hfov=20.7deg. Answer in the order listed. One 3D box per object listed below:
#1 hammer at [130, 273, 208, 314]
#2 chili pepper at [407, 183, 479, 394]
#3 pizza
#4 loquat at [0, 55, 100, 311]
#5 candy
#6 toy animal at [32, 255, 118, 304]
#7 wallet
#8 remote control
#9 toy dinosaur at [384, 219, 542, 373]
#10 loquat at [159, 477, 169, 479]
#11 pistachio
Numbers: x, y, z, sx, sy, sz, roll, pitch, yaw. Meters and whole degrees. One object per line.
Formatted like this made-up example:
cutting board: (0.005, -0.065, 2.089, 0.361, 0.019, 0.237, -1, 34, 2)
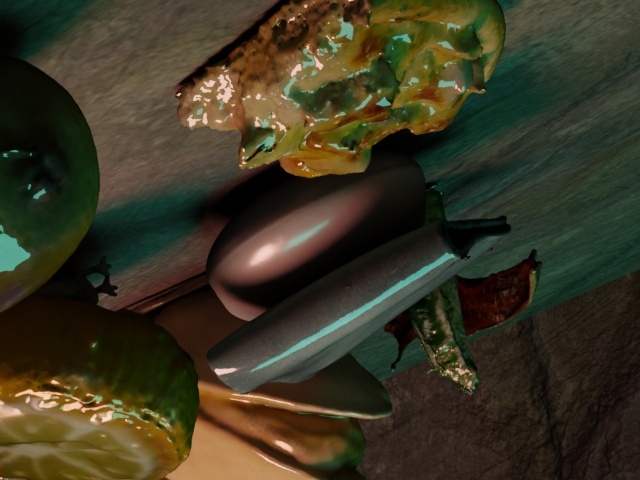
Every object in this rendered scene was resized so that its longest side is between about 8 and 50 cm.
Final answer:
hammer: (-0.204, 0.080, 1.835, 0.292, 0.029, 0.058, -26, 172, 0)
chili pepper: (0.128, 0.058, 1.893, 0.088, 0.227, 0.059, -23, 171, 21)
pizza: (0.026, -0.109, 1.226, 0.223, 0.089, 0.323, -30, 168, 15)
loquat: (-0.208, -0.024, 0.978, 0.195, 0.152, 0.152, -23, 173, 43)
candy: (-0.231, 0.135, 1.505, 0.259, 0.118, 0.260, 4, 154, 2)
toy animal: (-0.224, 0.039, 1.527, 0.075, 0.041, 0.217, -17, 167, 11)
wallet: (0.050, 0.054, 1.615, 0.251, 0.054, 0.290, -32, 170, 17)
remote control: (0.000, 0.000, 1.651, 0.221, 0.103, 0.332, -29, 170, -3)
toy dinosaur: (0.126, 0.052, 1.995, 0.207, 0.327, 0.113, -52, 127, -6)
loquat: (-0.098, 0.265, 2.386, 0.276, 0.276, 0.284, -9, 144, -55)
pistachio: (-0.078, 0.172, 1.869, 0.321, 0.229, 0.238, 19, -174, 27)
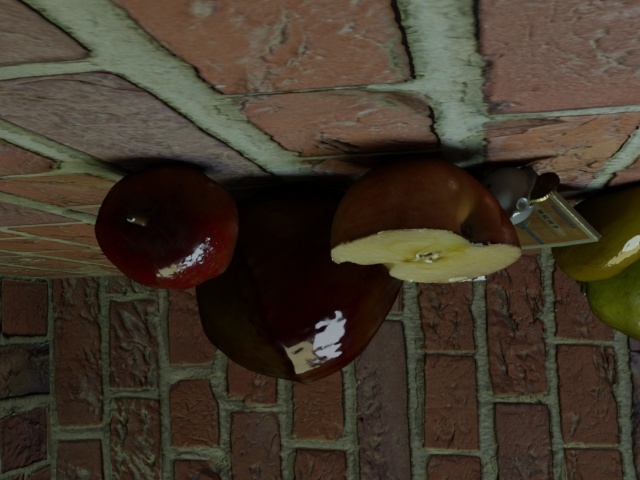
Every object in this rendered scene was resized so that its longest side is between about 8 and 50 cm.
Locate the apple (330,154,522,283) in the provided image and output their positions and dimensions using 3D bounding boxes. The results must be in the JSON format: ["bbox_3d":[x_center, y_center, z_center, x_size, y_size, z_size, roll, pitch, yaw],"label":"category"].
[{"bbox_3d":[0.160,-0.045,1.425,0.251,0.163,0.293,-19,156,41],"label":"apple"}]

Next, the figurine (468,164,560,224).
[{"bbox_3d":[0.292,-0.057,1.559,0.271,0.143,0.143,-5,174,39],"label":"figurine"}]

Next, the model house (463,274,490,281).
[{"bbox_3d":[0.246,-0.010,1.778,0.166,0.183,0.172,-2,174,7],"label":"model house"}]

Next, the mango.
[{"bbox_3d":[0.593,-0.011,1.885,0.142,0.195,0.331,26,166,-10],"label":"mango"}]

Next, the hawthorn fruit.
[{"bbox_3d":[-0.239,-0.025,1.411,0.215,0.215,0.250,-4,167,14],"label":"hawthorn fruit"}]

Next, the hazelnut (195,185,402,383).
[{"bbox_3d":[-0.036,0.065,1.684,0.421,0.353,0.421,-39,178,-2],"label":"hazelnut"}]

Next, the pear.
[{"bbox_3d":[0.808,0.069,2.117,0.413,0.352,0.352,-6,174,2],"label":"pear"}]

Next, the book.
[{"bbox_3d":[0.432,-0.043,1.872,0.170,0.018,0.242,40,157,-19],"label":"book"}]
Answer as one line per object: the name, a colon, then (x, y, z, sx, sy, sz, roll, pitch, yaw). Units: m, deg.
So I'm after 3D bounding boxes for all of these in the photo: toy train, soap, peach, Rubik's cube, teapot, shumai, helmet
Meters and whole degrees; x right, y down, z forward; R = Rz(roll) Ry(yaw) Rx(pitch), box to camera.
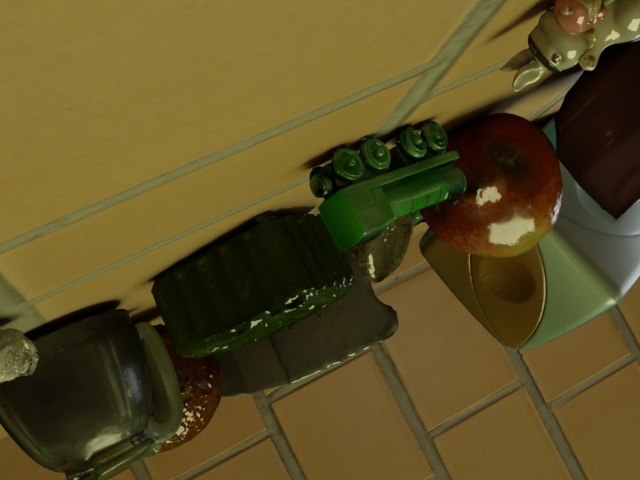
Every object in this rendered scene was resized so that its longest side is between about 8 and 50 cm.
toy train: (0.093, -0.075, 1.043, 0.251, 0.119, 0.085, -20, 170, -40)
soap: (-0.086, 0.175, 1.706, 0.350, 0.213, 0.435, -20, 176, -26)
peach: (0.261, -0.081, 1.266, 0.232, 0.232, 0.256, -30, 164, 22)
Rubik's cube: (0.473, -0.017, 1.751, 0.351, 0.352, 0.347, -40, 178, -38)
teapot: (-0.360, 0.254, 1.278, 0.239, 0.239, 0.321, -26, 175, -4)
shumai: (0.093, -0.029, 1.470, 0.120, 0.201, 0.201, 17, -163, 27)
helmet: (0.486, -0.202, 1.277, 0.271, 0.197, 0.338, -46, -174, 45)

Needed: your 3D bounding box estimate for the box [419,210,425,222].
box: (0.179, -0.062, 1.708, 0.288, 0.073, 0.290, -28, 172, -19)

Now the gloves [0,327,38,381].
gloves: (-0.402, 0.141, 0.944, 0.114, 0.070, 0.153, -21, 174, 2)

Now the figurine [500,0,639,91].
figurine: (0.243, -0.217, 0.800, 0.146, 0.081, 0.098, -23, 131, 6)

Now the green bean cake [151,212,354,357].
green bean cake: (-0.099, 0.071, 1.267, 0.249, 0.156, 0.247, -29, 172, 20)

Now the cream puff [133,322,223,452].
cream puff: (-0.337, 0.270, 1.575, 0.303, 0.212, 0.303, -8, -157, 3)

▶ **REQUIRED WORK**: Work out how many lines in the data contain "Meters" and state that number with nothing added.

▶ **ANSWER SPACE**: 2